■ WHAT IS NEEDED ■
Starting at the first line of the entries below, restate each line exactly until you reach the line with "[0:00.0-0:12.0]", and print that one too. Leave the pictures out and stop there.

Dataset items
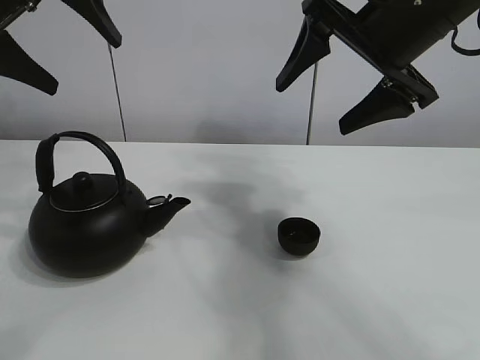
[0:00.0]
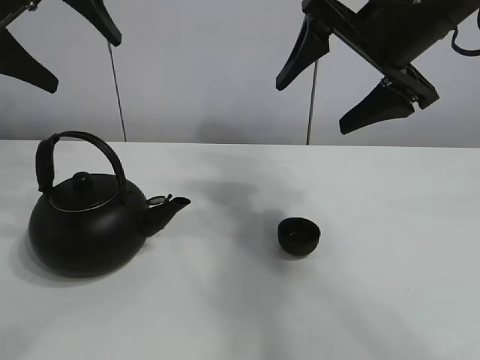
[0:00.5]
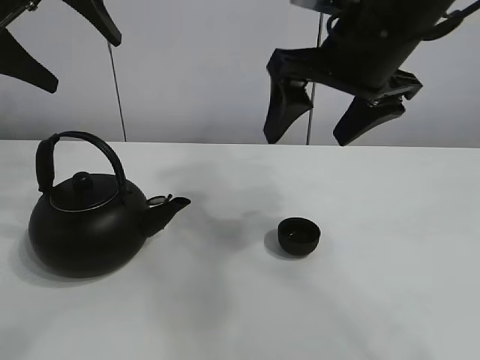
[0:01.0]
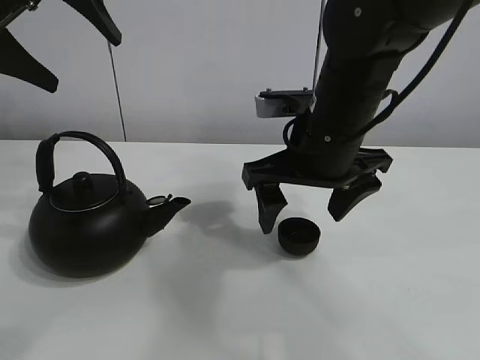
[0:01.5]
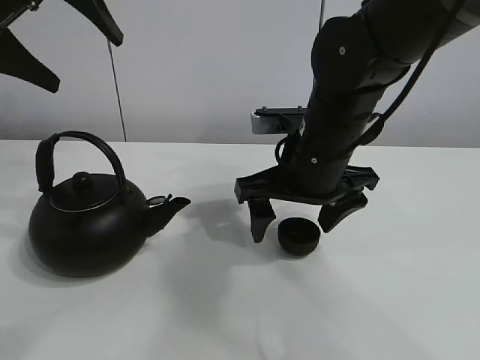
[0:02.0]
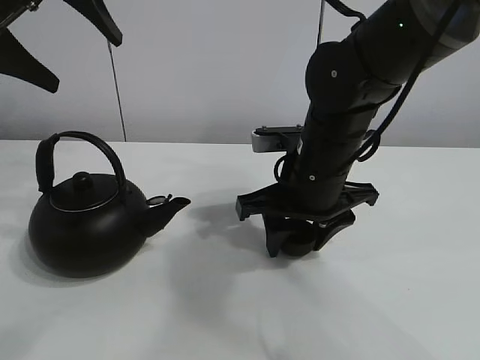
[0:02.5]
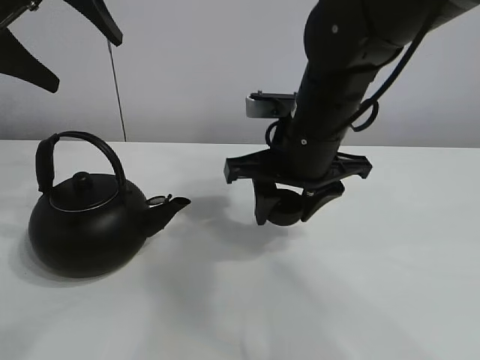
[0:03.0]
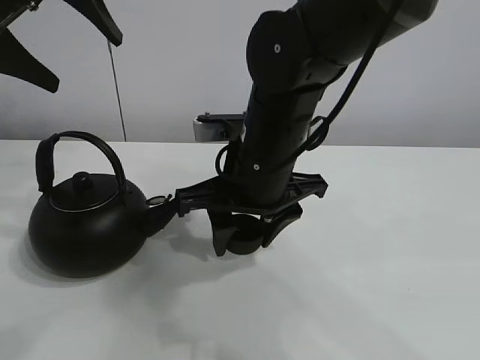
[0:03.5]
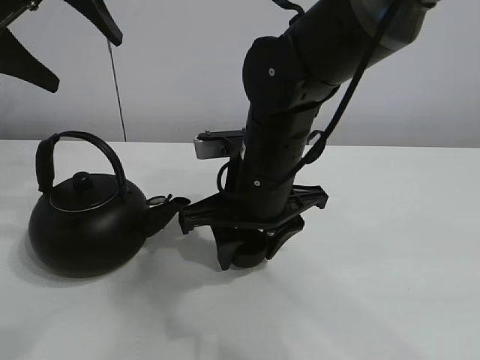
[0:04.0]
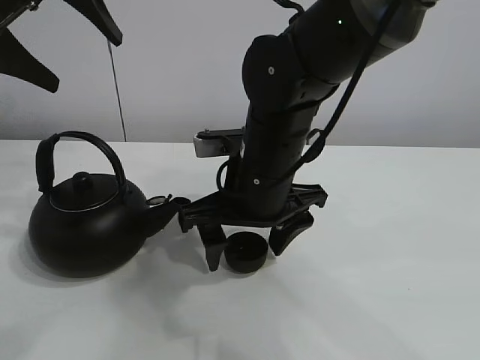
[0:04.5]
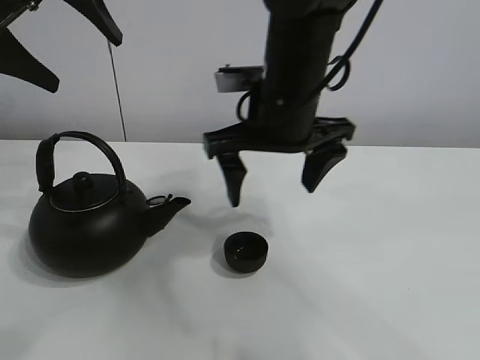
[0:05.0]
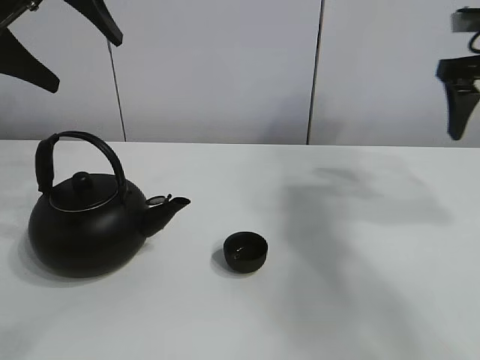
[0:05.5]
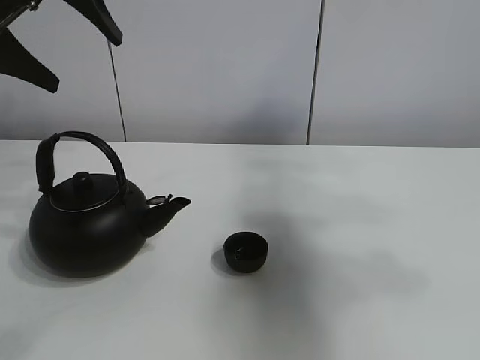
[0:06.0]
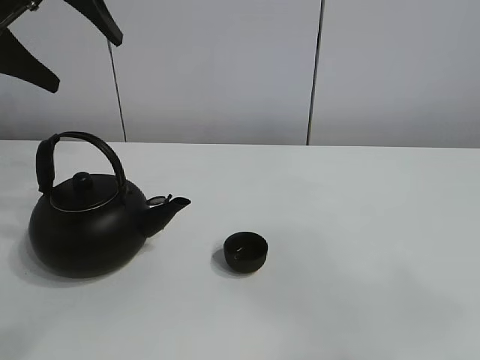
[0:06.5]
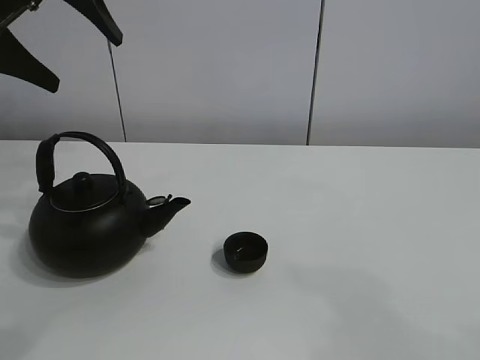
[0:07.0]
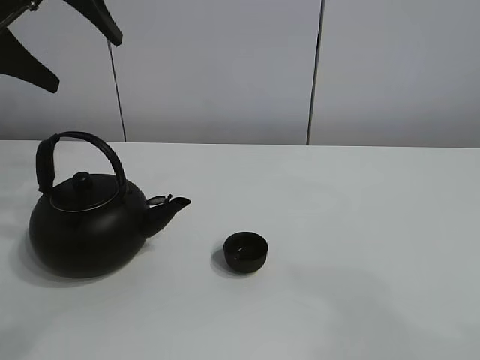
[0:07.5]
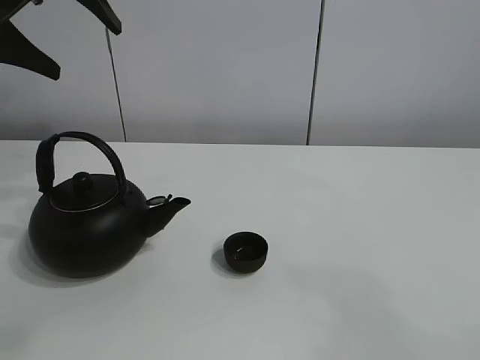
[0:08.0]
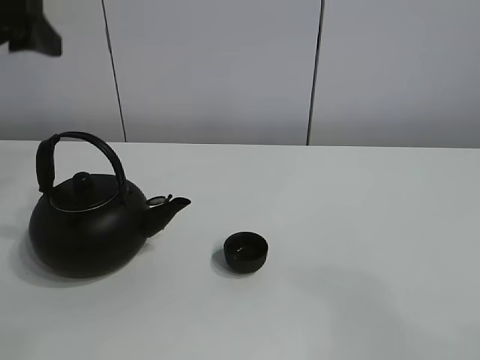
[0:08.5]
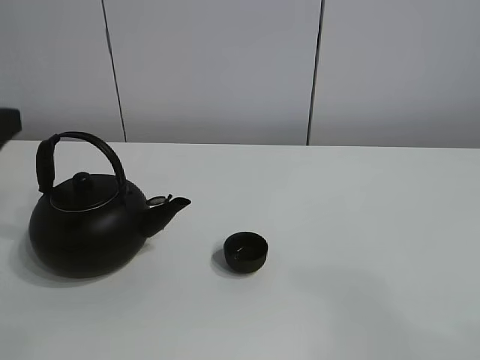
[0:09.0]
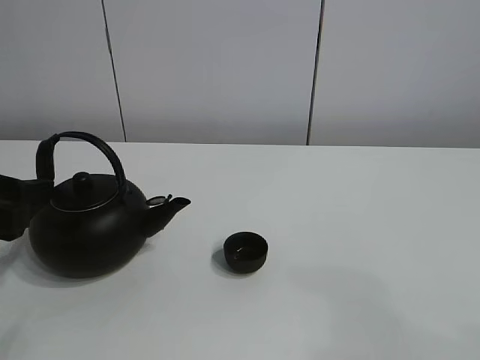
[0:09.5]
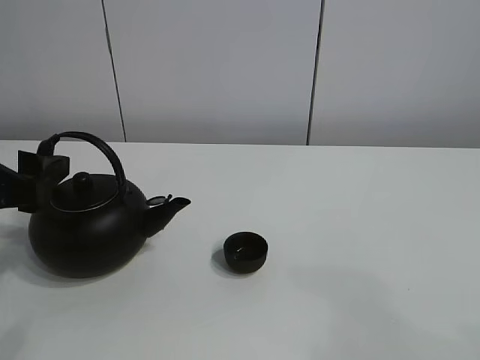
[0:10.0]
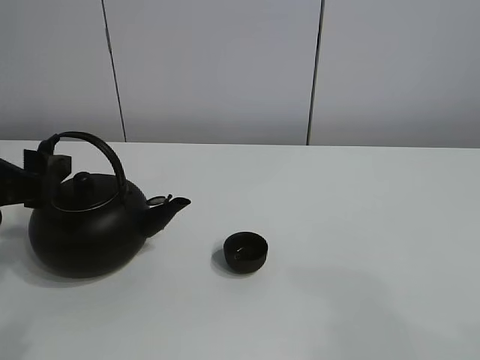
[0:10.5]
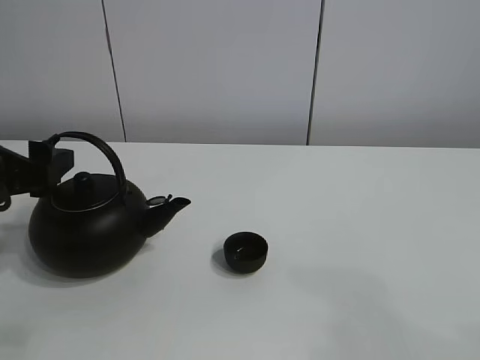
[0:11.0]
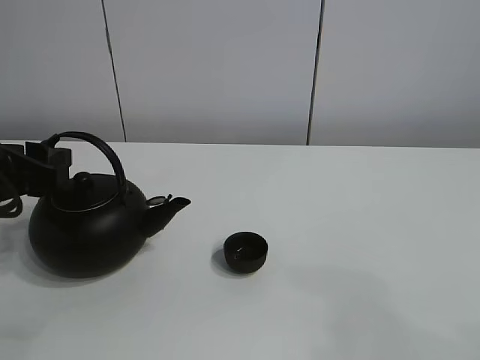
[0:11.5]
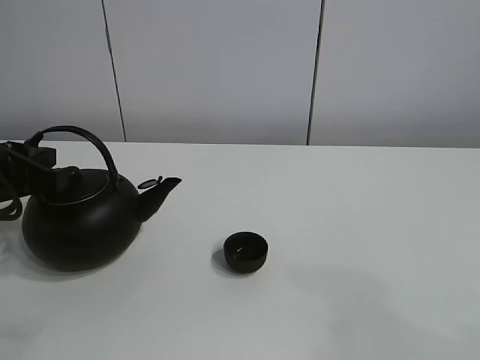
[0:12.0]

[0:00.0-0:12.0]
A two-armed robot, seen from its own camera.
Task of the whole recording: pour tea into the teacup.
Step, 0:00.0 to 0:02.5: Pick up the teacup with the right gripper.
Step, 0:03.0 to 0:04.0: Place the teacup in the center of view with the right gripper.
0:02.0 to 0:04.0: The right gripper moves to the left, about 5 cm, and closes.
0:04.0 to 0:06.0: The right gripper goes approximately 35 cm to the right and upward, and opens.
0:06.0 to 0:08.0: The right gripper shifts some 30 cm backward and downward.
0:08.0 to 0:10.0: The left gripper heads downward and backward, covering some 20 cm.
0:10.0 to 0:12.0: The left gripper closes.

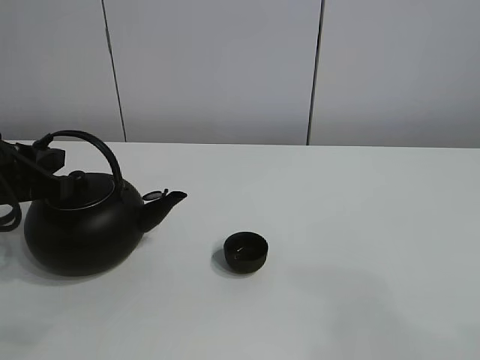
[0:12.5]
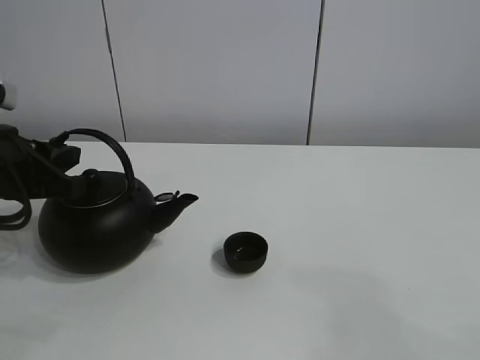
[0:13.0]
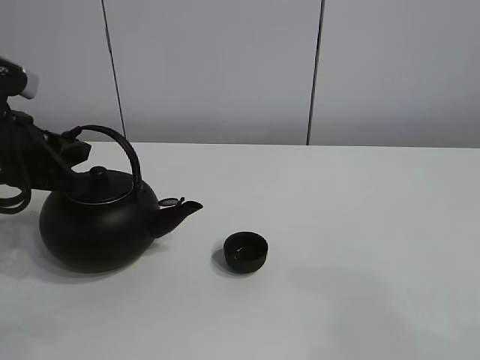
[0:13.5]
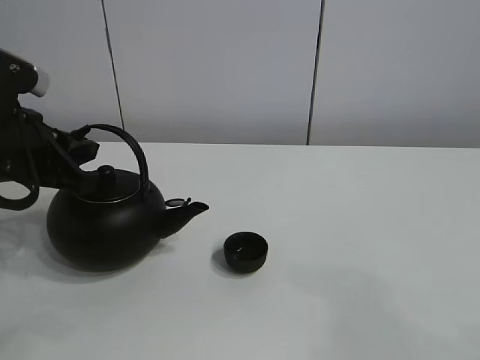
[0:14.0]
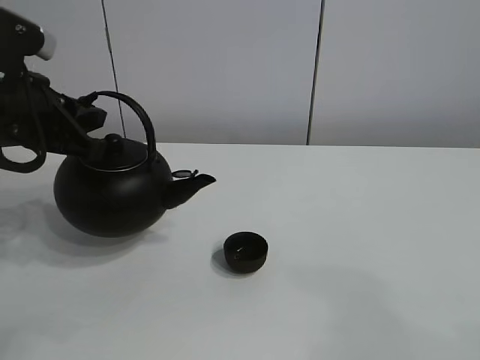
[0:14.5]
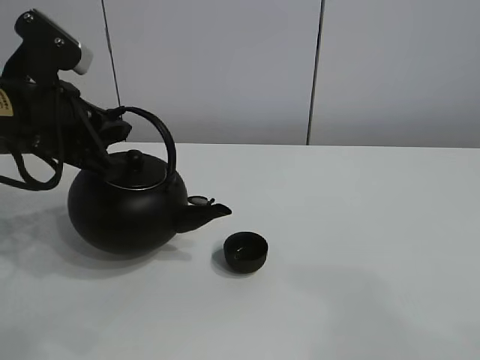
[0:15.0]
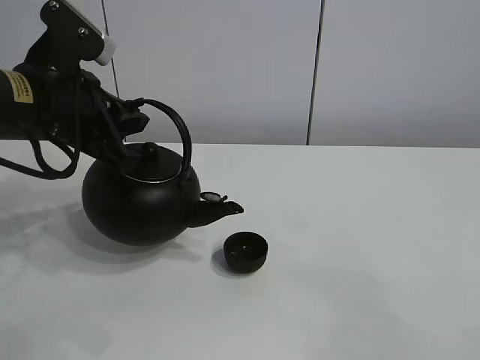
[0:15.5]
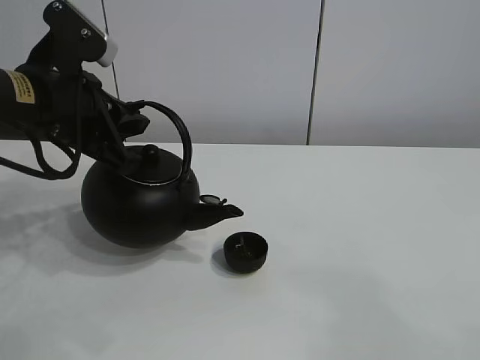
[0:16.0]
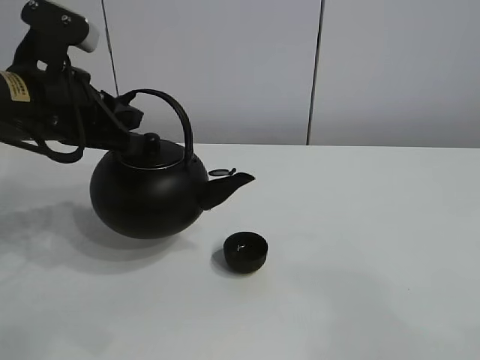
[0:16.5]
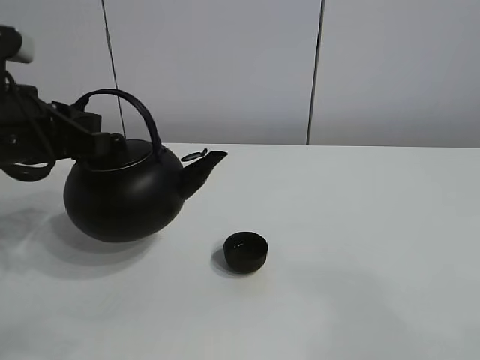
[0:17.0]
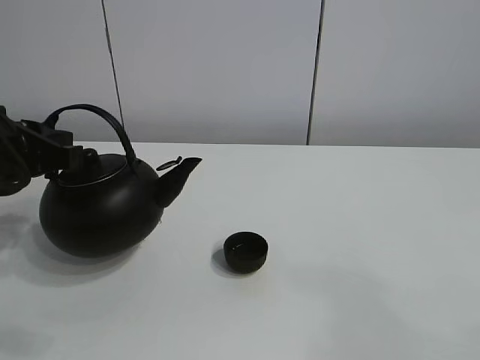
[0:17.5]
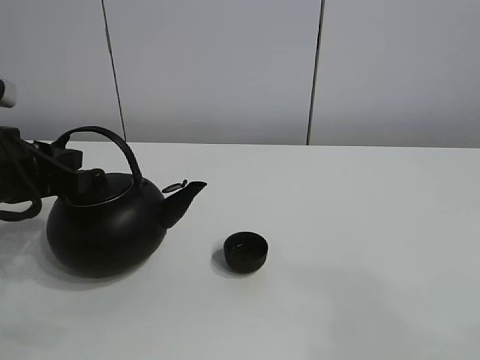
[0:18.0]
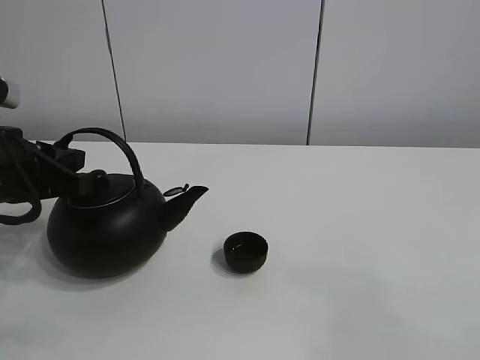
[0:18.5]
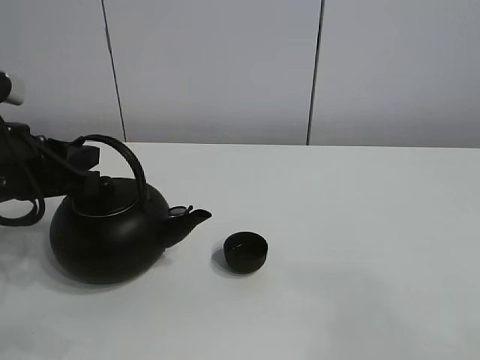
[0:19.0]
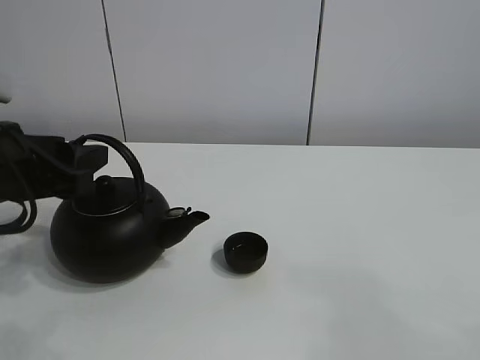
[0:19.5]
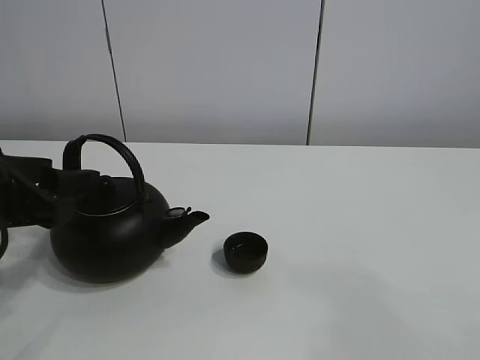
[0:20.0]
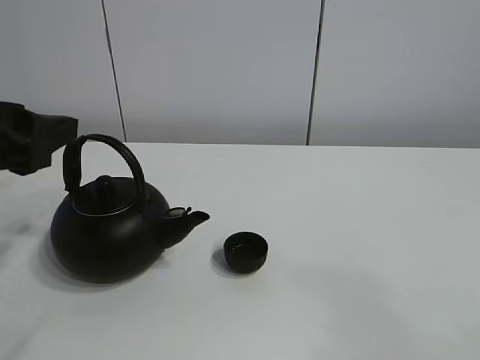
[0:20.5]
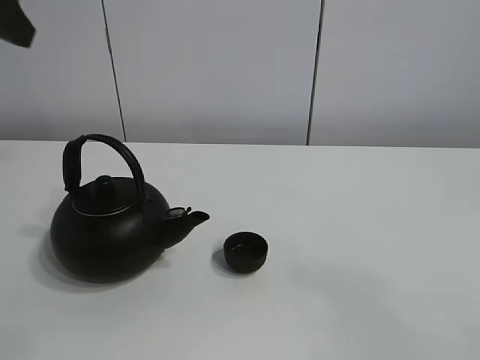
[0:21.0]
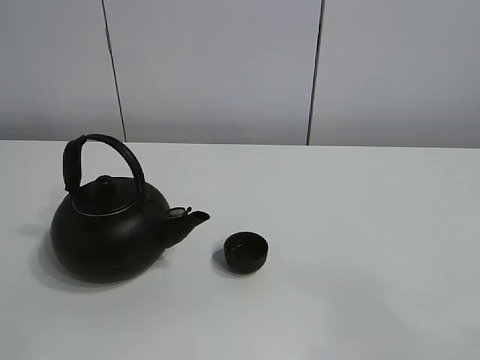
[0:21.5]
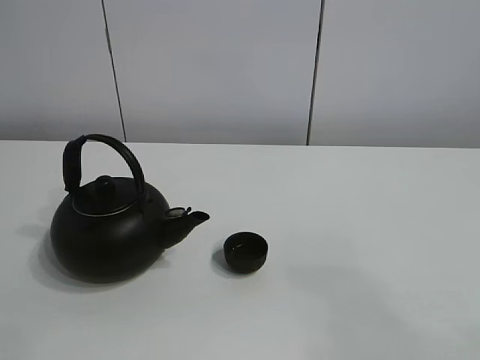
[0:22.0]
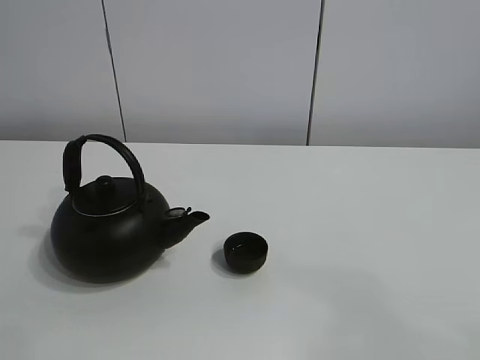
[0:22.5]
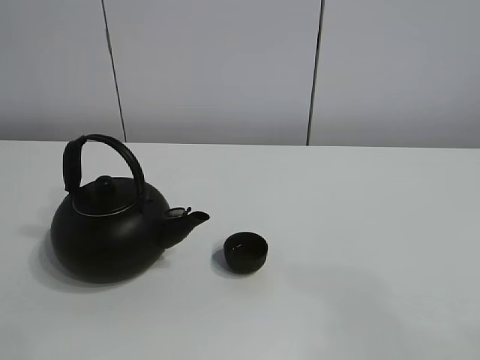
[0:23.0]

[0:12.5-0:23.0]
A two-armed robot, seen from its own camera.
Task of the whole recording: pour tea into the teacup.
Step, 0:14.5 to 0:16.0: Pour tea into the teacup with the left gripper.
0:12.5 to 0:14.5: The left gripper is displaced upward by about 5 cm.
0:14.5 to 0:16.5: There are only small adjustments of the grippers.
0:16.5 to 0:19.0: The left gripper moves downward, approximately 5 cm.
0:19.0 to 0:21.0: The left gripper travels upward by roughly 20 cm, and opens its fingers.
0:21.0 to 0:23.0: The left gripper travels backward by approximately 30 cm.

■ RESULT FOR THIS EXERCISE ■
[0:00.0]
[0:00.5]
[0:01.0]
[0:01.5]
[0:02.0]
[0:02.5]
[0:03.0]
[0:03.5]
[0:04.0]
[0:04.5]
[0:05.0]
[0:05.5]
[0:06.0]
[0:06.5]
[0:07.0]
[0:07.5]
[0:08.0]
[0:08.5]
[0:09.0]
[0:09.5]
[0:10.0]
[0:10.5]
[0:11.0]
[0:11.5]
[0:12.0]

[0:00.0-0:12.0]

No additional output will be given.